At 1:24 in the night I woke with a jolt and stereotypically had the urgent realisation that I didn’t know where I was. I searched the night-grey room for anchors of recognition, trying to fit a New York stencil over the sketchy abstract wispy grey forms I couldn’t quite interpret (which much later turned out to be the withering willow next to the bed and its shadows thrown onto the amorphous wall by the array of Berlin street-lights at eye-level outside the windows). The way my mind was flitting through the room trying to find its bearings reminded me in a sleepy epiphany of something I had seen a few weeks ago in Cambridge. After the shock of dislocation subsided, I dreamily fixated on this flash of an idea which solidified into a note I soporifically somnambulated into the ugly Notes app on my phone.

The Cavendish Laboratory owns the first and only so-called cloud chamber built by its inventor Charles Thomas Rees Wilson in 1911, subsequently known as the Wilson Chamber (an object I naturally adopted as my totem apparatus).
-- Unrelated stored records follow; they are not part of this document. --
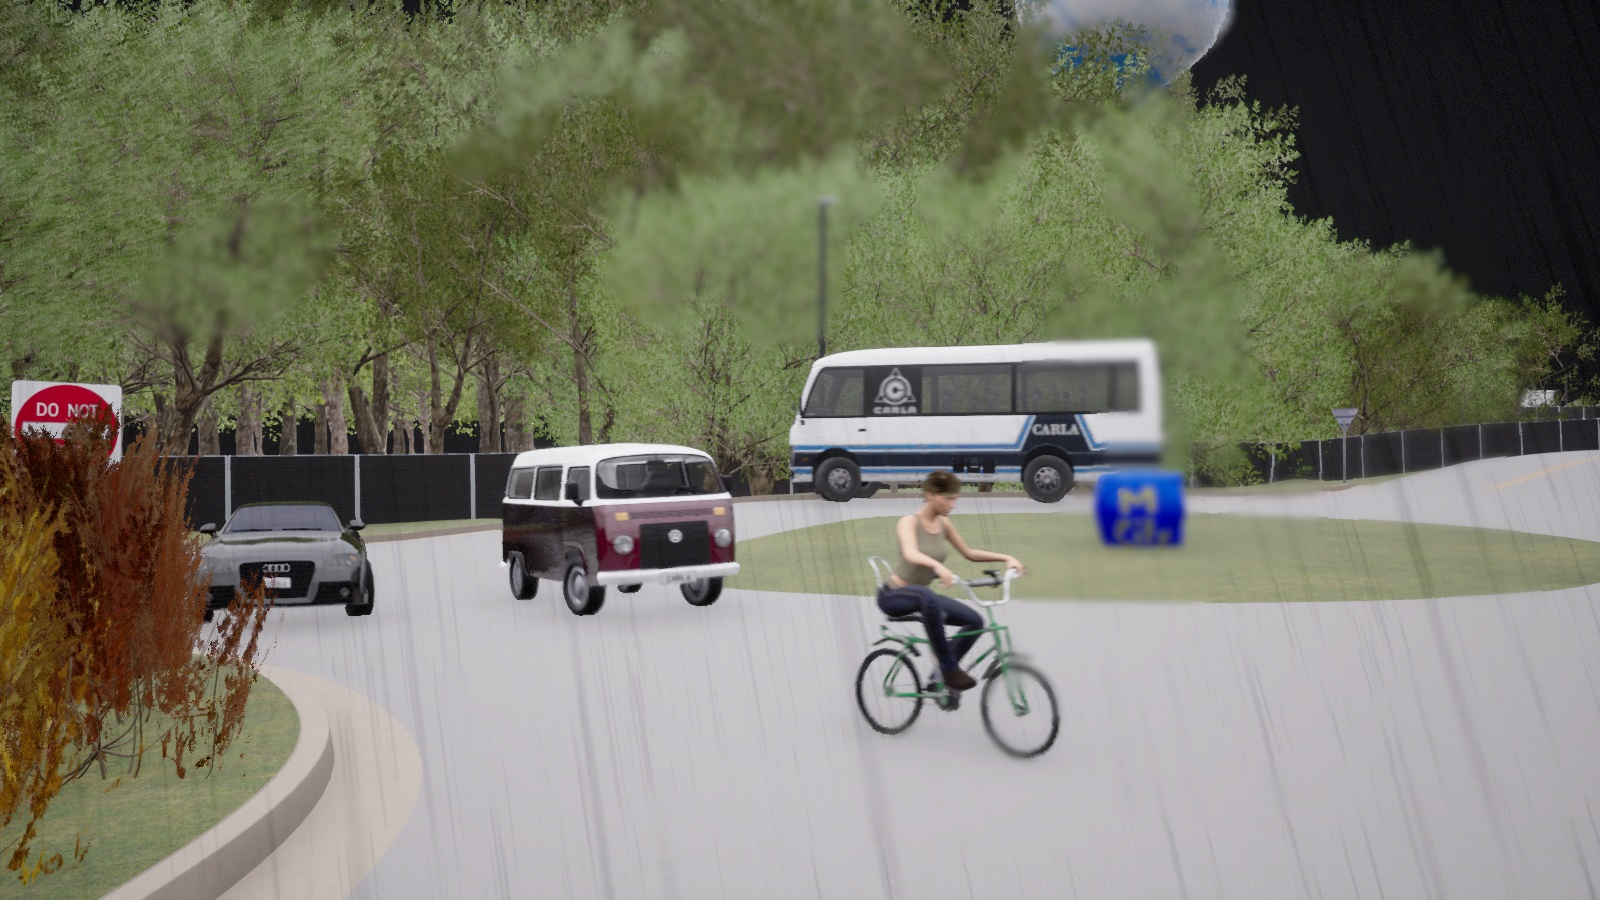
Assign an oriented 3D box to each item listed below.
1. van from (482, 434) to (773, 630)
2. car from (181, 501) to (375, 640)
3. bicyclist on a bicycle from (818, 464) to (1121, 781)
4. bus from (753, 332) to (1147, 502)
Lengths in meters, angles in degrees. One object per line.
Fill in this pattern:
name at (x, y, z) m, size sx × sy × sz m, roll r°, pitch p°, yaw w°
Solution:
van at (-2.354, 0.951, 15.912) m, size 2.069 × 2.038 × 4.480 m, roll -2°, pitch -1°, yaw -29°
car at (-6.546, 1.410, 16.060) m, size 1.994 × 1.385 × 4.181 m, roll -1°, pitch -1°, yaw -20°
bicyclist on a bicycle at (0.947, 0.908, 7.255) m, size 1.509 × 1.612 × 0.866 m, roll -2°, pitch -3°, yaw 44°
bus at (4.220, -0.737, 34.759) m, size 10.273 × 4.253 × 3.944 m, roll -1°, pitch -1°, yaw 15°

The Wilson Chamber is a device to track the paths of flitting, flirting, unstable particles through supersaturated vapour, leaving trails of indecision, collision, pirouettes and nervous elopements. In the frenzied attempt to fill the nebulous void with charged forces, the particles ionise the hazy mixture.

Lightweight methanol vapour saturates the chamber, the alcohol falling as it cools down and the cold condenser providing a steep temperature gradient. Alcohol vapour condenses around ion trails left behind by the travelling ionizing particles. Clouds form, visible in the cloud chamber by the presence of droplets falling down to the condenser. As particles pass through all they leave behind are ionization trails.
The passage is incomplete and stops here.